Il n’empêche: avec tous ses avantages, cette plante millénaire ne va pas disparaître dans un avenir proche. Les nouvelles technologies apporteront également de nouvelles possibilités d’utilisation. Depuis quelques années déjà, des blocs et des panneaux de chanvre sont utilisés pour la construction de maisons. L’année dernière, à Paris, un gymnase entier a été construit exclusivement en chanvre, et au Canada, il existe un entrepôt en chanvre. Les avantages, selon les responsables: le chanvre en tant que matériau de construction est extrêmement hydrofuge, résistant à la déchirure et absorbe du CO2.
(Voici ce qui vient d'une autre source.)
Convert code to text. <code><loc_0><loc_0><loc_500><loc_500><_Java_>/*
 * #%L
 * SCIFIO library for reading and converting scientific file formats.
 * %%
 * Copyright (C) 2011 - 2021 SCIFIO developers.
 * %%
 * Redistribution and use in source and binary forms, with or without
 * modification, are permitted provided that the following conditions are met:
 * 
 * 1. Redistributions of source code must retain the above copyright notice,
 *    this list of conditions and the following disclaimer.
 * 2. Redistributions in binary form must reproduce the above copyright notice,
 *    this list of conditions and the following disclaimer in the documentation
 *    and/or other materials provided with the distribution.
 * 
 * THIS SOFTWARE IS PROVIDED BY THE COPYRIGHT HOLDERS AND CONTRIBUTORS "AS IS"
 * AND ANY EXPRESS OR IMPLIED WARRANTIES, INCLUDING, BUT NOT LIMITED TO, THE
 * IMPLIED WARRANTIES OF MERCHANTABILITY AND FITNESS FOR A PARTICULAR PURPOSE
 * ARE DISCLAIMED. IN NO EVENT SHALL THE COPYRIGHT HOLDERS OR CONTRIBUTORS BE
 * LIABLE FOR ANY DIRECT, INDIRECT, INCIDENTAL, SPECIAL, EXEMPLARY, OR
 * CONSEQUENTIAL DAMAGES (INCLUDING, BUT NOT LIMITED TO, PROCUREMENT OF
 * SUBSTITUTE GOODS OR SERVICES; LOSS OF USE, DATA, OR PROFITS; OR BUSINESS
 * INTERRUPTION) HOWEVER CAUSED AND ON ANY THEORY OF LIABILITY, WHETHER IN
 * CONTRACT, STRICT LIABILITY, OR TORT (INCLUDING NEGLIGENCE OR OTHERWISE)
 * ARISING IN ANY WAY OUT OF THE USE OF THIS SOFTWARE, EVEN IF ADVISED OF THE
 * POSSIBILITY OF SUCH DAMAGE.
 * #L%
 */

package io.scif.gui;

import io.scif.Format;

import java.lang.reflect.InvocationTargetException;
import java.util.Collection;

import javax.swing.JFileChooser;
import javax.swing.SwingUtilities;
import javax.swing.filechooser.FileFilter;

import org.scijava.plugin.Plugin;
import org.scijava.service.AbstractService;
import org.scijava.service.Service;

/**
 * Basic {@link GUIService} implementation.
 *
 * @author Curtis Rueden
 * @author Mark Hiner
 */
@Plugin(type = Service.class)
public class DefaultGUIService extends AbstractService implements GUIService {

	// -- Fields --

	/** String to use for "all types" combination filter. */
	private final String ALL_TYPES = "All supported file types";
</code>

L’utilisation médicale est probablement encore plus intéressante d’un point de vue économique. Le CBD est considéré comme un antispasmodique, un anxiolytique, un anti-inflammatoire et un analgésique. Les composants de la plante de chanvre sont utilisés depuis des années dans le domaine médical, par exemple pour la maladie d’Alzheimer, la dépression ou l’épilepsie. On dit même que le cannabis peut aider à combattre le cancer. Il existe d’ailleurs de nombreuses success-stories qui sont récitées comme des mantras sur les forums Internet. Les thérapies correspondantes et leurs résultats font encore l’objet de recherches.

Legalize it!

La légalisation du cannabis contenant du THC fait depuis longtemps l’objet de débats et de controverses dans le monde politique. Le gouvernement allemand a fait un grand pas en avant à la mi-avril. Il travaille sur un projet de loi selon lequel la possession de 25 grammes de fleurs de chanvre contenant du THC et la culture personnelle de trois plantes au maximum seront à l’avenir dépénalisées. En Suisse, un essai pilote de distribution légale de cannabis dans les pharmacies bâloises est actuellement en cours, et des parlementaires lancent régulièrement des propositions dans ce sens. Si la légalisation devait un jour arriver chez nous aussi, cela devrait donner à la production en Suisse un coup de fouet nettement plus important que la légalisation du CBD en 2017.